How ‘America First’ tactics have transformed international relations into a game of high-stakes leverage

In recent years, the United States has witnessed a seismic shift in its approach to diplomacy under the banner of the Make America Great Again (MAGA) movement. What was once a realm of careful negotiation and multilateral engagement has increasingly become an arena of leverage, threats, and transactional bargains.
At the heart of this transformation lies a doctrine of coercive diplomacy—using economic, military, and political pressure to force allies and adversaries alike into conceding American demands. From trade tariffs to military withdrawal, the underlying message is clear: compliance or consequence.
Trade negotiations under MAGA have become paradigmatic. The administration imposed steep tariffs on longstanding trading partners, most notably China and the European Union, reframing disputes over intellectual property and trade imbalances as moral imperatives under ‘America First.’ These measures were accompanied by the implicit threat of further escalation if concessions proved insufficient.
In the security domain, the United States has leveraged regional threats to extort greater defense spending from NATO allies. Public declarations threatened to withdraw American troops—undermining decades of collective security—unless European nations increased their budgetary commitments. This gamble paid dividends in budget pledges but raised questions about the reliability of U.S. commitments.
Against Iran, the MAGA foreign policy adopted a maximum pressure campaign, withdrawing from the 2015 nuclear accord and reimposing stringent sanctions. Teheran found itself economically besieged, while U.S. diplomats made clear that relief would only come through broader concessions, extending beyond nuclear constraints to regional behavior.
Similarly, in negotiations with North Korea, the United States employed a mix of personal diplomacy and coercion—waxing and waning between summits and sanctions. The episodic nature of talks underscored a strategy of calibrated escalation, aimed at extracting symbolic gestures while keeping the door to concessions ajar.
Environmental diplomacy also bore the imprint of this doctrine. The U.S. withdrawal from the Paris Agreement served as both an economic and political warning shot, demonstrating how international cooperation on climate could be held hostage to domestic agendas.

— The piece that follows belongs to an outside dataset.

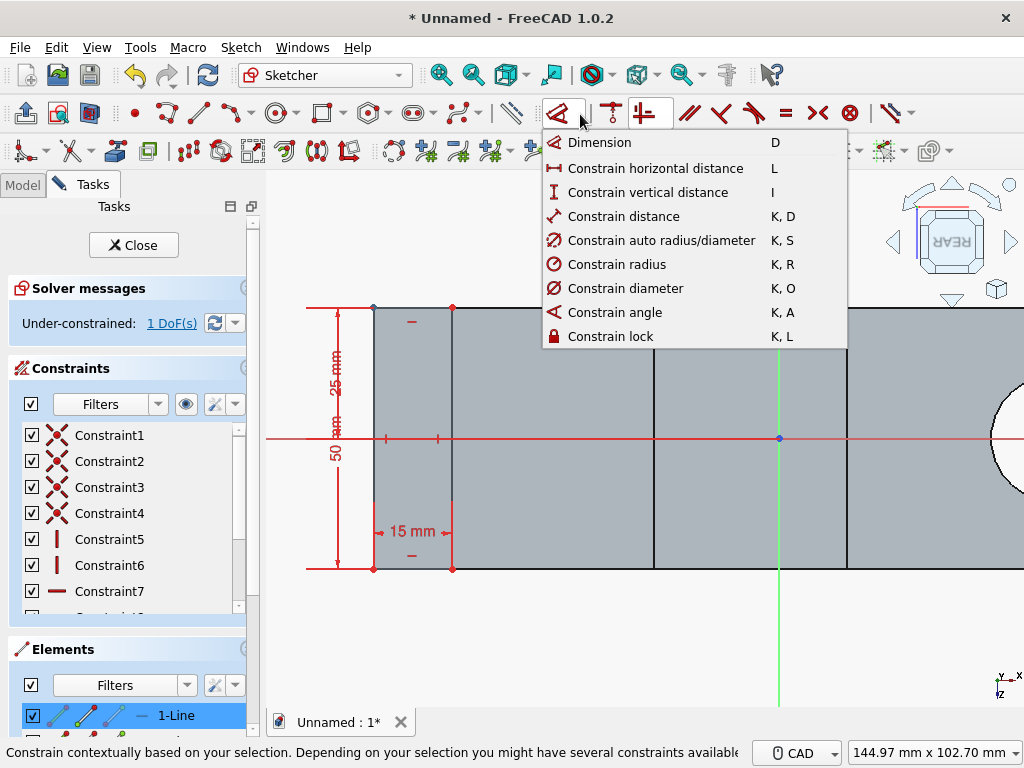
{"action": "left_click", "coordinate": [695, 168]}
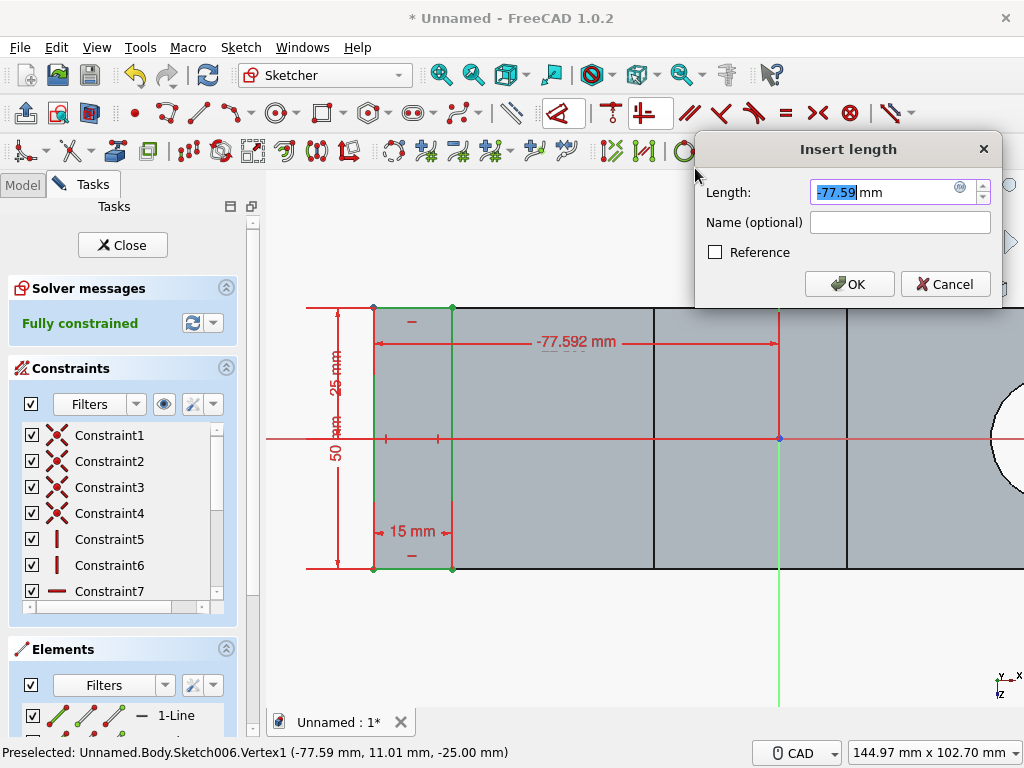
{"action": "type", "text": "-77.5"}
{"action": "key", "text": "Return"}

Critics argue that this style of diplomacy erodes trust. Allies question the reliability of U.S. guarantees, while adversaries learn that American policy can swing dramatically with electoral tides. The resulting unpredictability complicates long-term strategy and coalition-building.
Nonetheless, proponents counter that coercion yields results. They point to newly negotiated trade terms and increased defense spending as proof that firmness, rather than conciliation, drives outcomes. For them, diplomacy’s purpose is to secure American interests by any means necessary.
As the MAGA doctrine continues to influence State Department practices, the world watches closely. Will high-stakes leverage become the new normal? Or will a return to traditional diplomacy emerge after the current political cycle? The answer may well determine the shape of the next era of international relations.
What remains undeniable is that U.S. diplomacy has adopted a sharper edge. The politics of blackmail, once relegated to rogue states, now feature prominently in Washington’s playbook. Whether this approach strengthens or undermines American influence will be the central question for years to come.